┌─ Excerpted records

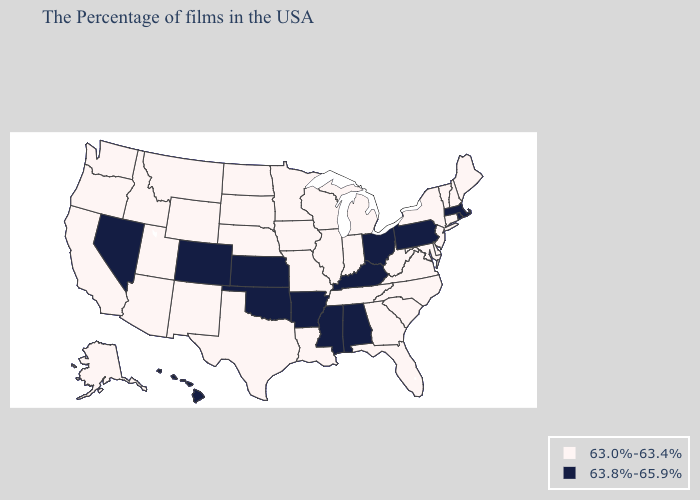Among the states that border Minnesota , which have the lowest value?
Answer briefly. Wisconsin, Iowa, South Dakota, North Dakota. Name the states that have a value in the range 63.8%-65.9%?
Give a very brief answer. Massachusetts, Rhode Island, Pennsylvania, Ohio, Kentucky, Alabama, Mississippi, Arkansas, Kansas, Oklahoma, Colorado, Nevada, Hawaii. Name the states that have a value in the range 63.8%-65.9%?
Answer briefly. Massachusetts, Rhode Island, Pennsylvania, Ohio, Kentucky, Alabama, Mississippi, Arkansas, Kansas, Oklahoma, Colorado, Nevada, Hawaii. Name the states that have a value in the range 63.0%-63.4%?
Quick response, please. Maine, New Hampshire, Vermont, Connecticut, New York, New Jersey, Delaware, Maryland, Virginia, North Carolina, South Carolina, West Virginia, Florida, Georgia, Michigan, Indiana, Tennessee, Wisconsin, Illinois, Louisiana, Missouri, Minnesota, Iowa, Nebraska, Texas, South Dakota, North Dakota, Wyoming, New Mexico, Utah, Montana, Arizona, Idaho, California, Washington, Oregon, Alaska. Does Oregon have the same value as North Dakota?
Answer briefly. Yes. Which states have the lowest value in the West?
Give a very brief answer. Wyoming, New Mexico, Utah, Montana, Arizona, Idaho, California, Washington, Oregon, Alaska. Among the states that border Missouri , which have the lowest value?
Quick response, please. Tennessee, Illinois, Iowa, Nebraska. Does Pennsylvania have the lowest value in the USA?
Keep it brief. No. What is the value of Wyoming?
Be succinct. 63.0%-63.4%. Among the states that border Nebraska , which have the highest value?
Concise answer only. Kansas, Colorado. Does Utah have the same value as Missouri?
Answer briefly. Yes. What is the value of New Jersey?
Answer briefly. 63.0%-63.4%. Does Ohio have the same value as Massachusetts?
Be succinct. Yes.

└─

**What you should do**
Each line from the first line of the data above through the one containing "Concise answer only." must be set down exactly; the pictures must not be.

**Result of the exercise**
Among the states that border Minnesota , which have the lowest value?
Answer briefly. Wisconsin, Iowa, South Dakota, North Dakota. Name the states that have a value in the range 63.8%-65.9%?
Give a very brief answer. Massachusetts, Rhode Island, Pennsylvania, Ohio, Kentucky, Alabama, Mississippi, Arkansas, Kansas, Oklahoma, Colorado, Nevada, Hawaii. Name the states that have a value in the range 63.8%-65.9%?
Answer briefly. Massachusetts, Rhode Island, Pennsylvania, Ohio, Kentucky, Alabama, Mississippi, Arkansas, Kansas, Oklahoma, Colorado, Nevada, Hawaii. Name the states that have a value in the range 63.0%-63.4%?
Quick response, please. Maine, New Hampshire, Vermont, Connecticut, New York, New Jersey, Delaware, Maryland, Virginia, North Carolina, South Carolina, West Virginia, Florida, Georgia, Michigan, Indiana, Tennessee, Wisconsin, Illinois, Louisiana, Missouri, Minnesota, Iowa, Nebraska, Texas, South Dakota, North Dakota, Wyoming, New Mexico, Utah, Montana, Arizona, Idaho, California, Washington, Oregon, Alaska. Does Oregon have the same value as North Dakota?
Answer briefly. Yes. Which states have the lowest value in the West?
Give a very brief answer. Wyoming, New Mexico, Utah, Montana, Arizona, Idaho, California, Washington, Oregon, Alaska. Among the states that border Missouri , which have the lowest value?
Quick response, please. Tennessee, Illinois, Iowa, Nebraska. Does Pennsylvania have the lowest value in the USA?
Keep it brief. No. What is the value of Wyoming?
Be succinct. 63.0%-63.4%. Among the states that border Nebraska , which have the highest value?
Concise answer only. Kansas, Colorado. Does Utah have the same value as Missouri?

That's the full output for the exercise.